(Entries taken from a collection)

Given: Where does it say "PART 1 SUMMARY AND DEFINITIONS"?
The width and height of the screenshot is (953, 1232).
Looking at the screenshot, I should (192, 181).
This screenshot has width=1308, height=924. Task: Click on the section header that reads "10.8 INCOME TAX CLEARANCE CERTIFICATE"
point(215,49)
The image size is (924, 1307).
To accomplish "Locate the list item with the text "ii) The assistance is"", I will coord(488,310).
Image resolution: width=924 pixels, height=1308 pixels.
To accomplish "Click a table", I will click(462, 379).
* * *
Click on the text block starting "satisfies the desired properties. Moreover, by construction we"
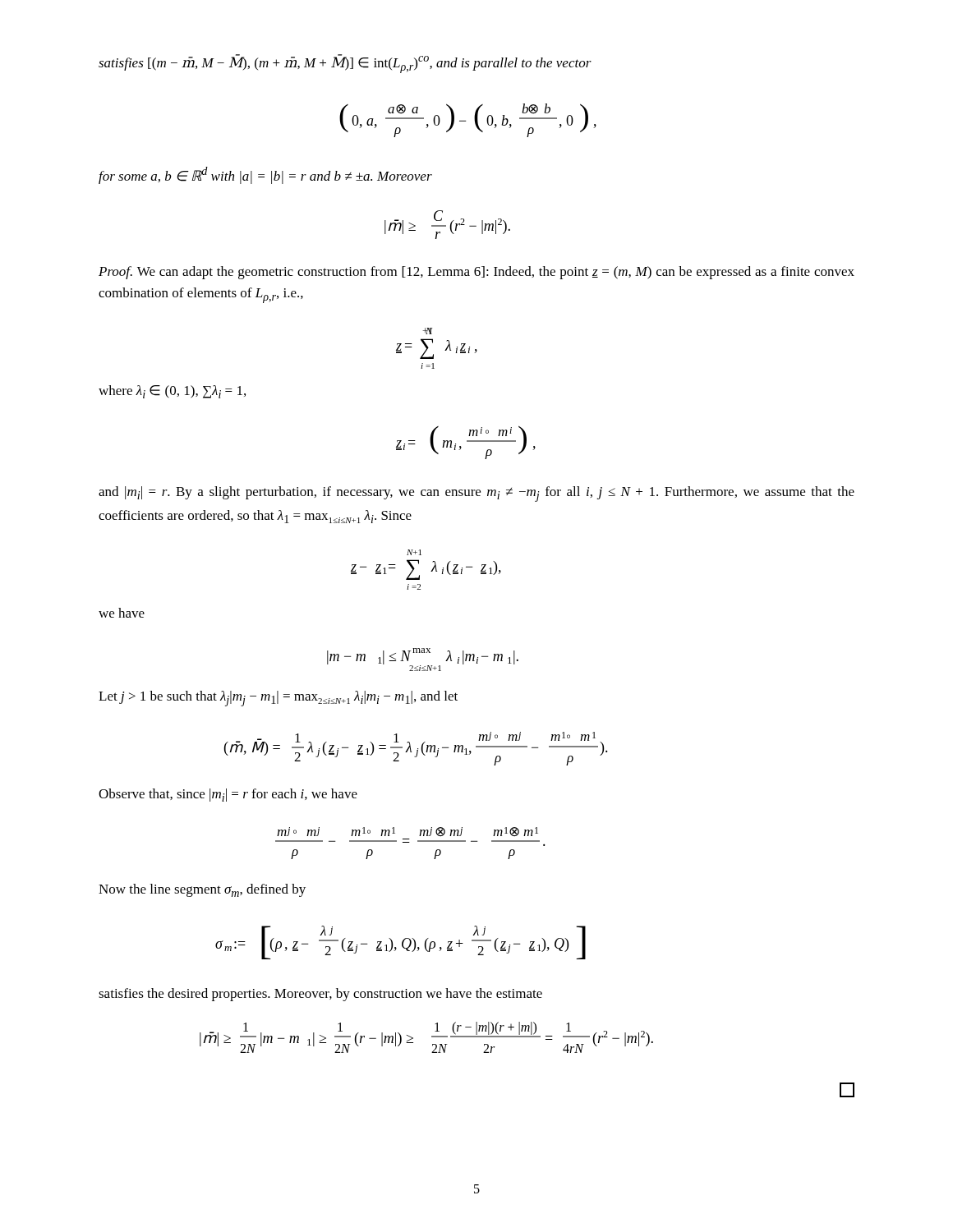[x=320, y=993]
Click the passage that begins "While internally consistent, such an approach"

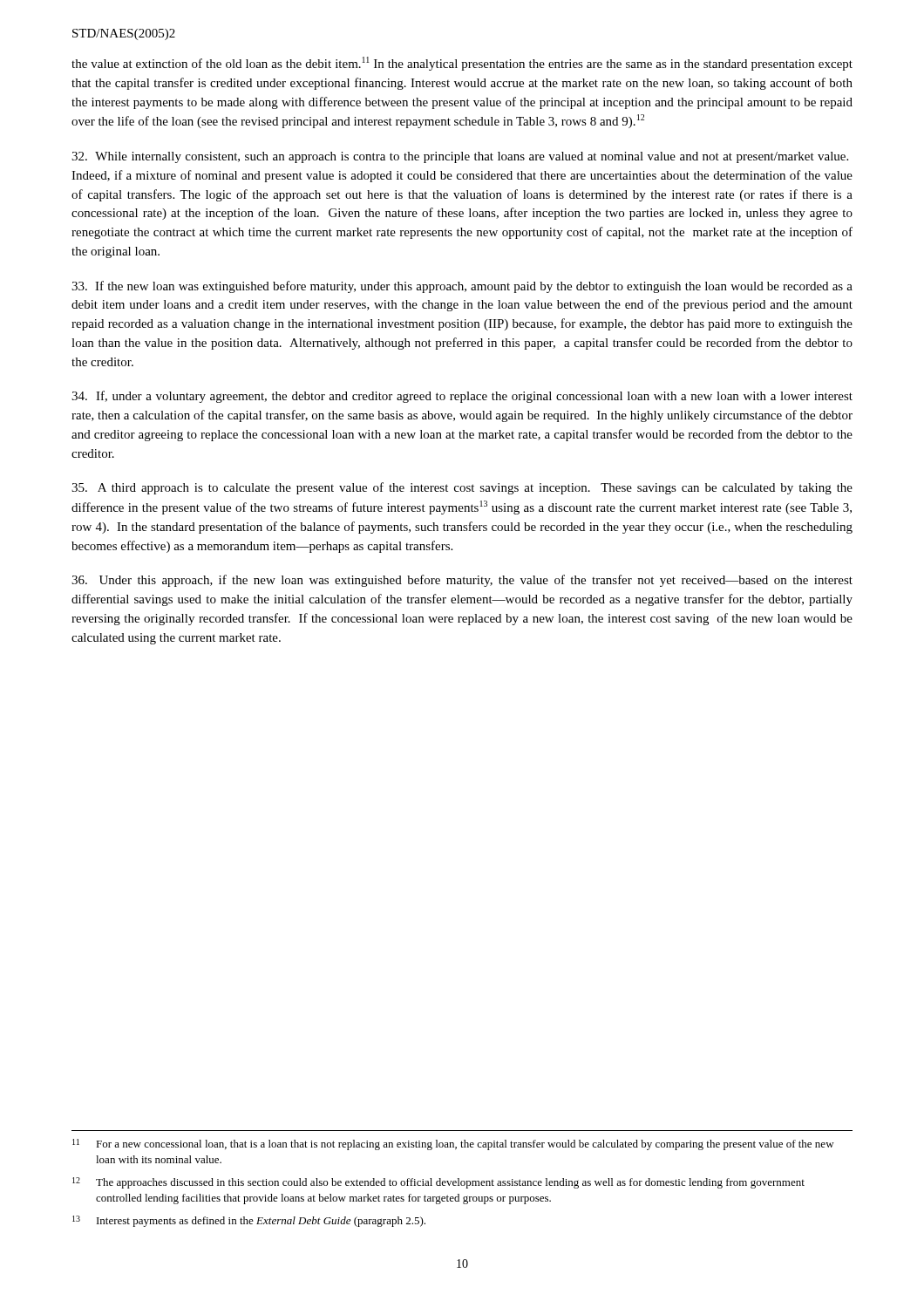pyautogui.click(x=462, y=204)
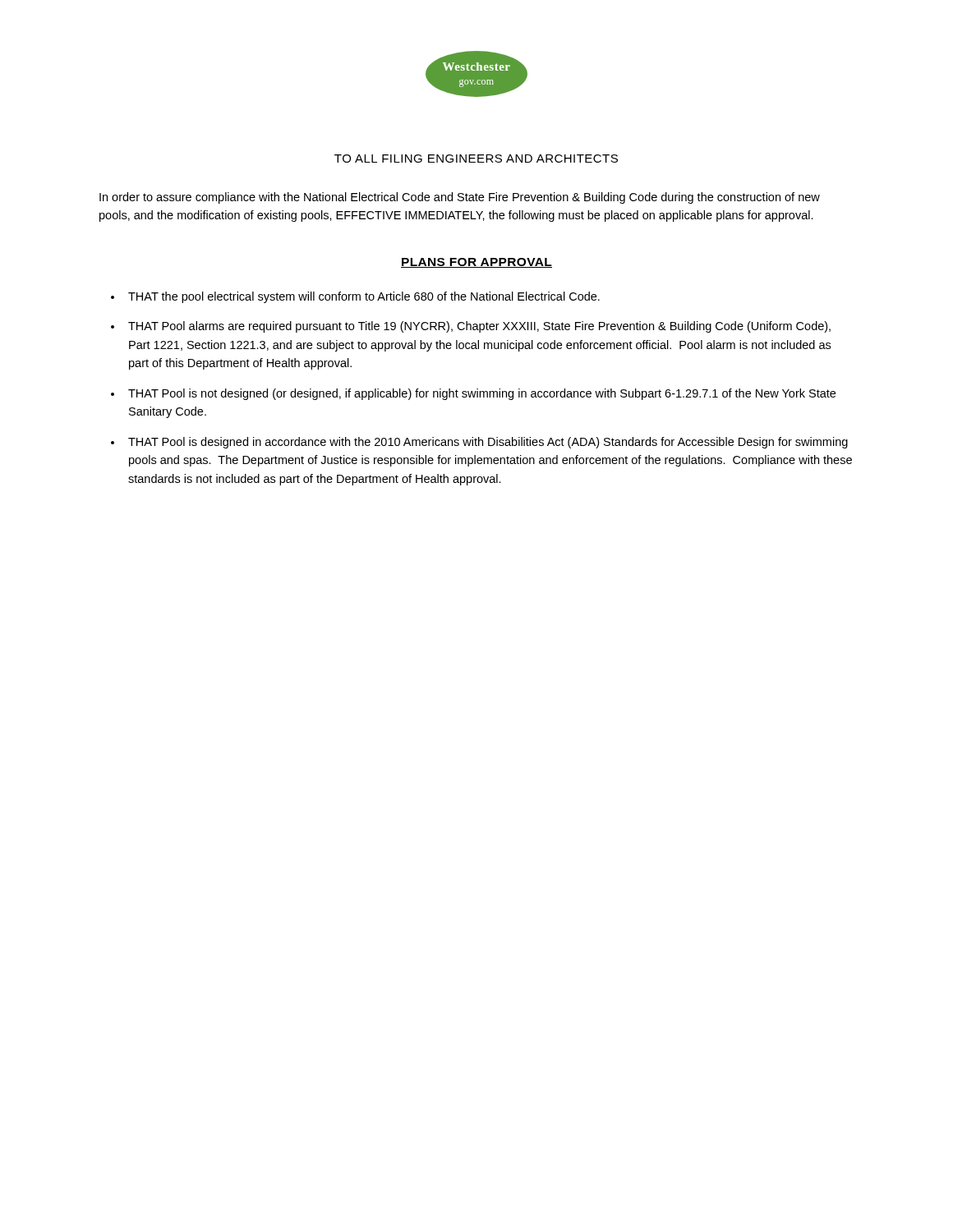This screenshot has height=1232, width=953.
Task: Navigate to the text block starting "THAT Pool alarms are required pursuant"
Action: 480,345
...
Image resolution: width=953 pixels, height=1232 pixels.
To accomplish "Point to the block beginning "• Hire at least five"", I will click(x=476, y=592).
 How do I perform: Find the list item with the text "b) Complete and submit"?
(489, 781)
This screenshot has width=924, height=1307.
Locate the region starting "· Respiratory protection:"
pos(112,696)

Directions: Check each line of the records above for the word "accomplish", then give the number of lines that have it, with no other words.

Answer box: 3